One of the most ridiculous pieces of advice I ever received was that if someone asks you if you like football, or you like a particular band, to say Yes. Why is that ridiculous? Well, if you're a taxi driver, and someone asks you what you think of a certain politician, you can easily ask them what they think and just agree with what they say, as you're unlikely to see them again and they're unlikely to remember you, anyway. Or, if you're a hairdresser or barber, you only see someone every few weeks or what have you, and they'll come back because they like the way you cut their hair, not because of your political views or which team you support. So, if you know little about something, people will see through it.

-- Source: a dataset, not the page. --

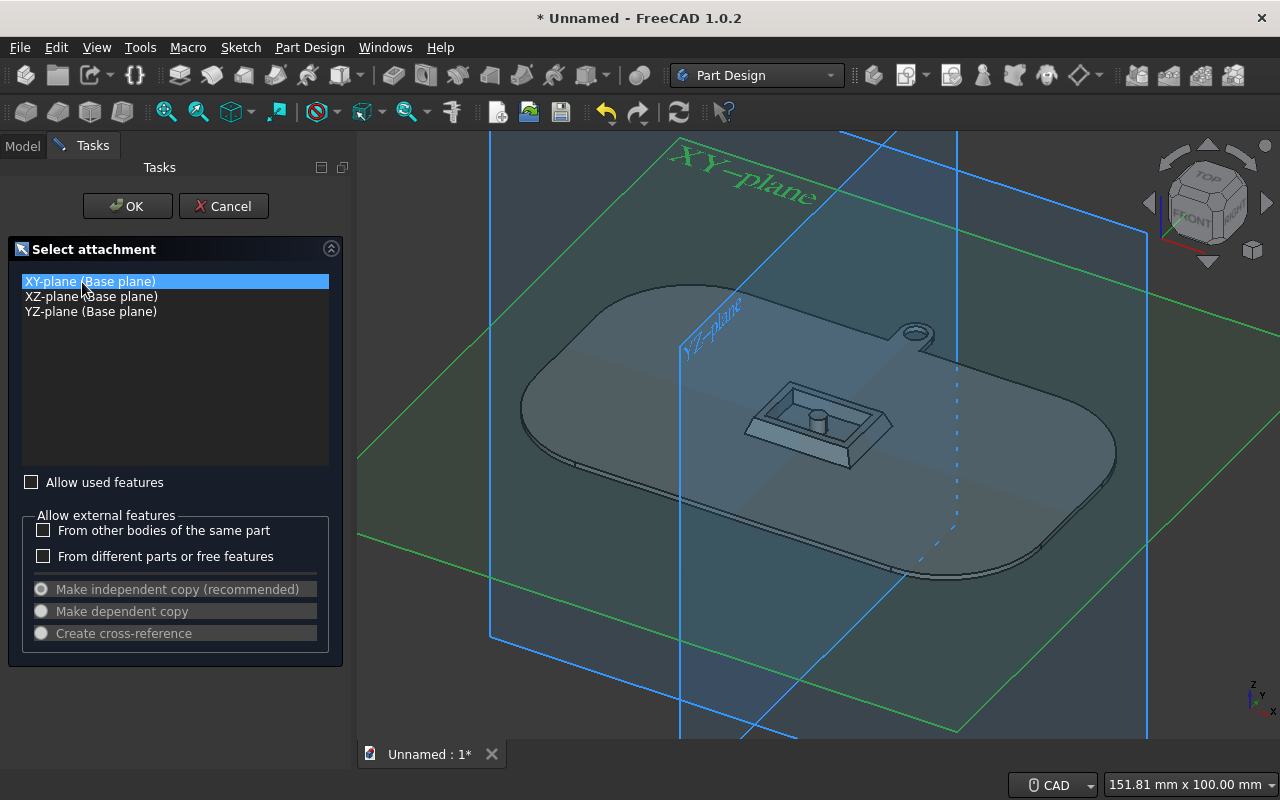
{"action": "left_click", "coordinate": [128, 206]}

My mother has angered me by saying things like it would be wonderful if there was a cure for autism (no, it wouldn't). But here is what angers me with so many people, in many Western countries, if someone is good at sport, they are viewed as national icons, yet if someone is bright academically, they are scorned. And one thing that really annoyed me with some people was when a former cricketer claimed that his mother had given him a banned diuretic, people jumped up and down and protested it was unfair that the ICC said, "Okay, 12 month ban." Yet how many of these people would respond differently if athletes from a rival country were found to have cheated with drugs? Or been involved in match-fixing?
One thing that separates me from my mother is that I became angry, in the lead-up to the 2013 Election, when I knew who I wanted to support, there were spambots on their page trying to get people to vote for the opposing candidate. I have long believed that if you like a candidate, you go on their Facebook page and tell them, if you don't like them, you don't go near them. So, I say, if you KNOW that somebody is autistic and they don't want to be cured, it is basic decency that you don't say in front of them that you think it would be wonderful if there was a cure. And then, you have nobody to blame but yourself if they become angry with you!
I am grateful to have my father's support and I say it's better to be loved and supported by one parent than neither. However, I feel with my mother as though she is no different to the little so-and-so who said imagine if I had a bump on the head and I changed when she makes the repugnant statement that it would be wonderful if there was a cure for it.